* [EXERCISE]: Each entry needs to be reproduced exactly, with none left out.

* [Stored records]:
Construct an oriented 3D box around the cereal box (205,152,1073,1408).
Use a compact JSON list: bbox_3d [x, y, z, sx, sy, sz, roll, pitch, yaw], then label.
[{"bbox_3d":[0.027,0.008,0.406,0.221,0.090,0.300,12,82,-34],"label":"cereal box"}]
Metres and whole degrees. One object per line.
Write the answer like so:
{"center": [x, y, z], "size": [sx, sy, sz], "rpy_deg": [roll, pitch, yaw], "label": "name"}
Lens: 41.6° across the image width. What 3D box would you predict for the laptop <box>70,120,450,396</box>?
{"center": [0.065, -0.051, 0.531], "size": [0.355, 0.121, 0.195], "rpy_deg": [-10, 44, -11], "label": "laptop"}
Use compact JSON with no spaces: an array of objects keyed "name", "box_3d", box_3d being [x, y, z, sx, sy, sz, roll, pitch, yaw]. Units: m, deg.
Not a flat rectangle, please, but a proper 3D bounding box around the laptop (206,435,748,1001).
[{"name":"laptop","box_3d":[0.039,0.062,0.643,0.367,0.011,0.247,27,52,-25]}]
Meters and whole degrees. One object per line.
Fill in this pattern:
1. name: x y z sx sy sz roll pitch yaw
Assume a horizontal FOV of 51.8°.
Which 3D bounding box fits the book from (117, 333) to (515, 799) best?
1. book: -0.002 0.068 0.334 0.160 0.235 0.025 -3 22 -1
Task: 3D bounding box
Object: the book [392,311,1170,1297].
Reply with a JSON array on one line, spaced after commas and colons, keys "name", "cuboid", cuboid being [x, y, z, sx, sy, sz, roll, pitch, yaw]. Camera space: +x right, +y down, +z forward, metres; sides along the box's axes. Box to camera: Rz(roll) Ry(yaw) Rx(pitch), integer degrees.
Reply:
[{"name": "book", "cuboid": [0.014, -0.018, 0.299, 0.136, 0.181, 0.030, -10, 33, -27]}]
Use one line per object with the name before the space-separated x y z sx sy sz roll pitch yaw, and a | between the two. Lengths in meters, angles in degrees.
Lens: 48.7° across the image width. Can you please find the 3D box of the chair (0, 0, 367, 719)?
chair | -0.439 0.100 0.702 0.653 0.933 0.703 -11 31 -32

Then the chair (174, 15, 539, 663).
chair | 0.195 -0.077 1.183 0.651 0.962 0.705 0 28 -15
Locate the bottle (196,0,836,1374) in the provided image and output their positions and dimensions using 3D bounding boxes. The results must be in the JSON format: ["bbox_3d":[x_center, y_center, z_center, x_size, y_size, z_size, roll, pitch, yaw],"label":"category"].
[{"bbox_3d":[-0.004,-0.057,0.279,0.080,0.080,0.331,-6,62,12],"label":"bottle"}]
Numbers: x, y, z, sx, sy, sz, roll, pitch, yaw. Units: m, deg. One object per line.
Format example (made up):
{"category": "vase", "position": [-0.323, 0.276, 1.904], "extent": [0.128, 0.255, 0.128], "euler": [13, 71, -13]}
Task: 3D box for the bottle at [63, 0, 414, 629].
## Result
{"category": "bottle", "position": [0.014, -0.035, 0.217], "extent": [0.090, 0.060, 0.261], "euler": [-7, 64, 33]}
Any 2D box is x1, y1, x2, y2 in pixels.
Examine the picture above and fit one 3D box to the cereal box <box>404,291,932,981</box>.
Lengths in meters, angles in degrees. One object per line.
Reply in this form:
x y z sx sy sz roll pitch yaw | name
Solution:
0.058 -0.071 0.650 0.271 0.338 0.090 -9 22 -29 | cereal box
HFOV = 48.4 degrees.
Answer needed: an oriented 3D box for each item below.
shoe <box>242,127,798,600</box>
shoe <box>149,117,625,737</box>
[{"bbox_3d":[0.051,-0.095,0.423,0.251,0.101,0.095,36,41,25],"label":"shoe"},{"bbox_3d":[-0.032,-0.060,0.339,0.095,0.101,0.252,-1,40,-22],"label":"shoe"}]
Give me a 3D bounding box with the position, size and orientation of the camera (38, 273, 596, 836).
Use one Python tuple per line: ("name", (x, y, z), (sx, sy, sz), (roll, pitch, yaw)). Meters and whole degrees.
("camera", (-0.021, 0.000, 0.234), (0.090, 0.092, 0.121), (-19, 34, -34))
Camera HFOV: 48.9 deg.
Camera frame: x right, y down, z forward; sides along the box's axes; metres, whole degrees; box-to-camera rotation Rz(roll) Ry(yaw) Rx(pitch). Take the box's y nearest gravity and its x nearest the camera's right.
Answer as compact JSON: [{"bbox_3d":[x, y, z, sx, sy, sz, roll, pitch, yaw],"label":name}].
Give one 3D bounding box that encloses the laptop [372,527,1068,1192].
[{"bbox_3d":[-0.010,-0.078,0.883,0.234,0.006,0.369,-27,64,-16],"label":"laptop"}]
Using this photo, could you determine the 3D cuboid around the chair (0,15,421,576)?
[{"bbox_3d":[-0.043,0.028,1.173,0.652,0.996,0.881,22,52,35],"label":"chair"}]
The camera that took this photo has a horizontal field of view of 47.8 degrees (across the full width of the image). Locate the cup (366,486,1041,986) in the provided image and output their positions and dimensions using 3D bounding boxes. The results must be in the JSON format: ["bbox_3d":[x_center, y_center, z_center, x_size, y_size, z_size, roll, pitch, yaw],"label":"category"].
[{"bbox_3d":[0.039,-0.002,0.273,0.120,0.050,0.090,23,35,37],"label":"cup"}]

* [YOUR SOLUTION]:
Construct an oriented 3D box around the cereal box (205,152,1073,1408).
Use a compact JSON list: bbox_3d [x, y, z, sx, sy, sz, roll, pitch, yaw], then label.
[{"bbox_3d":[0.027,0.008,0.406,0.221,0.090,0.300,12,82,-34],"label":"cereal box"}]
Metres and whole degrees. One object per line.
Write the answer like so:
{"center": [x, y, z], "size": [sx, sy, sz], "rpy_deg": [roll, pitch, yaw], "label": "name"}
Lens: 41.6° across the image width. What 3D box would you predict for the laptop <box>70,120,450,396</box>?
{"center": [0.065, -0.051, 0.531], "size": [0.355, 0.121, 0.195], "rpy_deg": [-10, 44, -11], "label": "laptop"}
Use compact JSON with no spaces: an array of objects keyed "name", "box_3d", box_3d being [x, y, z, sx, sy, sz, roll, pitch, yaw]. Units: m, deg.
Not a flat rectangle, please, but a proper 3D bounding box around the laptop (206,435,748,1001).
[{"name":"laptop","box_3d":[0.039,0.062,0.643,0.367,0.011,0.247,27,52,-25]}]
Meters and whole degrees. One object per line.
Fill in this pattern:
1. name: x y z sx sy sz roll pitch yaw
Assume a horizontal FOV of 51.8°.
Which 3D bounding box fits the book from (117, 333) to (515, 799) best?
1. book: -0.002 0.068 0.334 0.160 0.235 0.025 -3 22 -1
Task: 3D bounding box
Object: the book [392,311,1170,1297].
Reply with a JSON array on one line, spaced after commas and colons, keys "name", "cuboid", cuboid being [x, y, z, sx, sy, sz, roll, pitch, yaw]. Camera space: +x right, +y down, +z forward, metres; sides along the box's axes. Box to camera: Rz(roll) Ry(yaw) Rx(pitch), integer degrees.
Reply:
[{"name": "book", "cuboid": [0.014, -0.018, 0.299, 0.136, 0.181, 0.030, -10, 33, -27]}]
Use one line per object with the name before the space-separated x y z sx sy sz roll pitch yaw, and a | between the two. Lengths in meters, angles in degrees.
Lens: 48.7° across the image width. Can you please find the 3D box of the chair (0, 0, 367, 719)?
chair | -0.439 0.100 0.702 0.653 0.933 0.703 -11 31 -32

Then the chair (174, 15, 539, 663).
chair | 0.195 -0.077 1.183 0.651 0.962 0.705 0 28 -15
Locate the bottle (196,0,836,1374) in the provided image and output their positions and dimensions using 3D bounding boxes. The results must be in the JSON format: ["bbox_3d":[x_center, y_center, z_center, x_size, y_size, z_size, roll, pitch, yaw],"label":"category"].
[{"bbox_3d":[-0.004,-0.057,0.279,0.080,0.080,0.331,-6,62,12],"label":"bottle"}]
Numbers: x, y, z, sx, sy, sz, roll, pitch, yaw. Units: m, deg. One object per line.
Format example (made up):
{"category": "vase", "position": [-0.323, 0.276, 1.904], "extent": [0.128, 0.255, 0.128], "euler": [13, 71, -13]}
Task: 3D box for the bottle at [63, 0, 414, 629].
## Result
{"category": "bottle", "position": [0.014, -0.035, 0.217], "extent": [0.090, 0.060, 0.261], "euler": [-7, 64, 33]}
Any 2D box is x1, y1, x2, y2 in pixels.
Examine the picture above and fit one 3D box to the cereal box <box>404,291,932,981</box>.
Lengths in meters, angles in degrees. One object per line.
Reply in this form:
x y z sx sy sz roll pitch yaw | name
Solution:
0.058 -0.071 0.650 0.271 0.338 0.090 -9 22 -29 | cereal box
HFOV = 48.4 degrees.
Answer needed: an oriented 3D box for each item below.
shoe <box>242,127,798,600</box>
shoe <box>149,117,625,737</box>
[{"bbox_3d":[0.051,-0.095,0.423,0.251,0.101,0.095,36,41,25],"label":"shoe"},{"bbox_3d":[-0.032,-0.060,0.339,0.095,0.101,0.252,-1,40,-22],"label":"shoe"}]
Give me a 3D bounding box with the position, size and orientation of the camera (38, 273, 596, 836).
Use one Python tuple per line: ("name", (x, y, z), (sx, sy, sz), (roll, pitch, yaw)). Meters and whole degrees.
("camera", (-0.021, 0.000, 0.234), (0.090, 0.092, 0.121), (-19, 34, -34))
Camera HFOV: 48.9 deg.
Camera frame: x right, y down, z forward; sides along the box's axes; metres, whole degrees; box-to-camera rotation Rz(roll) Ry(yaw) Rx(pitch). Take the box's y nearest gravity and its x nearest the camera's right.
Answer as compact JSON: [{"bbox_3d":[x, y, z, sx, sy, sz, roll, pitch, yaw],"label":name}].
Give one 3D bounding box that encloses the laptop [372,527,1068,1192].
[{"bbox_3d":[-0.010,-0.078,0.883,0.234,0.006,0.369,-27,64,-16],"label":"laptop"}]
Using this photo, could you determine the 3D cuboid around the chair (0,15,421,576)?
[{"bbox_3d":[-0.043,0.028,1.173,0.652,0.996,0.881,22,52,35],"label":"chair"}]
The camera that took this photo has a horizontal field of view of 47.8 degrees (across the full width of the image). Locate the cup (366,486,1041,986) in the provided image and output their positions and dimensions using 3D bounding boxes. The results must be in the JSON format: ["bbox_3d":[x_center, y_center, z_center, x_size, y_size, z_size, roll, pitch, yaw],"label":"category"].
[{"bbox_3d":[0.039,-0.002,0.273,0.120,0.050,0.090,23,35,37],"label":"cup"}]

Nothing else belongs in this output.